Understanding Variance-Covariance Matrix

covariancelinear algebramatrices

Suppose data set is expressed by the matrix $X \in\mathbb R^{n \times d}$

where $n =$ Number of samples and $d =$ dimension/features of each sample

Then what does $\operatorname{Cov}(X) \in\mathbb R^{d \times d}$ (Variance-Covariance matrix of $X$) represent. Does below interpretation would be right

Variance-Covariance matrix of $X$ represents covariance between every pair of dimension/feature for all samples.

Best Answer

Let's review how the covariance matrix is computed in this context. Let $\mu_j$ denote the mean of the $j$th column, and let $\mu$ denote the row-vector $\mu = (\mu_1,\mu_2,\dots,\mu_d)$. Then $$ \operatorname{cov}(X) = (X - \mu 1_n)(X - \mu 1_n)^T $$ where $1_n$ denotes the column vector $(1,\dots,1)^T$ of length $n$.

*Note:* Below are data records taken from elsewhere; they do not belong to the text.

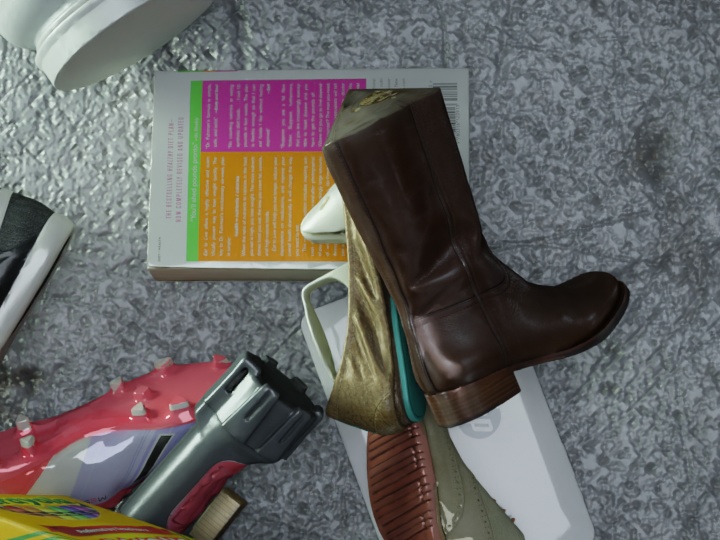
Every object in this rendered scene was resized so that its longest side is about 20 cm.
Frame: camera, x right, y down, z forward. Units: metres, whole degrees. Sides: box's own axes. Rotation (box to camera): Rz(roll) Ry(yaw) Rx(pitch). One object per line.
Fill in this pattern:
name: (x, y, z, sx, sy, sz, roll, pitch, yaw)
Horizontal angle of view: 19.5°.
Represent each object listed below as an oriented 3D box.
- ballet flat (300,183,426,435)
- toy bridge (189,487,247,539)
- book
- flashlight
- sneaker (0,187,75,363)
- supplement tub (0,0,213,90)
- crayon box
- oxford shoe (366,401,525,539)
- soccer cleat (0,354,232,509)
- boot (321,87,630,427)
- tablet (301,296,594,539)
ballet flat: (0.000, 0.000, 1.265, 0.072, 0.068, 0.200, -4, 81, 18)
toy bridge: (-0.028, 0.224, 1.310, 0.200, 0.027, 0.067, 39, 91, 4)
book: (-0.031, -0.061, 1.322, 0.200, 0.048, 0.134, 0, 79, 2)
flashlight: (-0.102, 0.143, 1.273, 0.200, 0.068, 0.068, -47, 66, 15)
sneaker: (-0.274, 0.030, 1.312, 0.112, 0.073, 0.200, 30, 78, -1)
supplement tub: (-0.189, -0.227, 1.291, 0.145, 0.145, 0.200, -32, 85, 0)
crayon box: (-0.158, 0.168, 1.191, 0.200, 0.127, 0.051, 14, 91, 28)
oxford shoe: (0.057, 0.155, 1.290, 0.074, 0.071, 0.200, -8, 80, -29)
soccer cleat: (-0.149, 0.112, 1.314, 0.200, 0.067, 0.077, -18, 121, -7)
boot: (0.070, -0.033, 1.246, 0.064, 0.186, 0.200, -14, 103, 44)
tablet: (0.055, 0.100, 1.323, 0.130, 0.014, 0.200, -20, 86, 0)
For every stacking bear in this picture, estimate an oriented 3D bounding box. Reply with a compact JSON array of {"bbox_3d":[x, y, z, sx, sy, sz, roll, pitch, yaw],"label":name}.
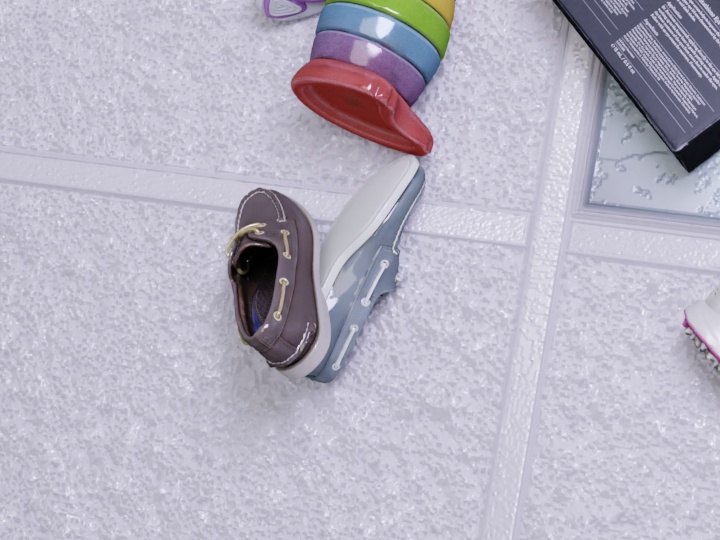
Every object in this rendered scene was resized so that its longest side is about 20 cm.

With this in mind, the $i,j$ entry of the covariance matrix is given by $$ \operatorname{cov}(X)[i,j] = \sum_{k=1}^n (x_{ik} - \mu_k)(x_{jk} - \mu_k) $$ So, $\frac 1n \operatorname{cov}(X)[i,j]$ is the covariance between the $i$th feature and $j$th feature, and $\frac 1n \operatorname{cov}(X)[i,i]$ is the variance of the $i$th feature.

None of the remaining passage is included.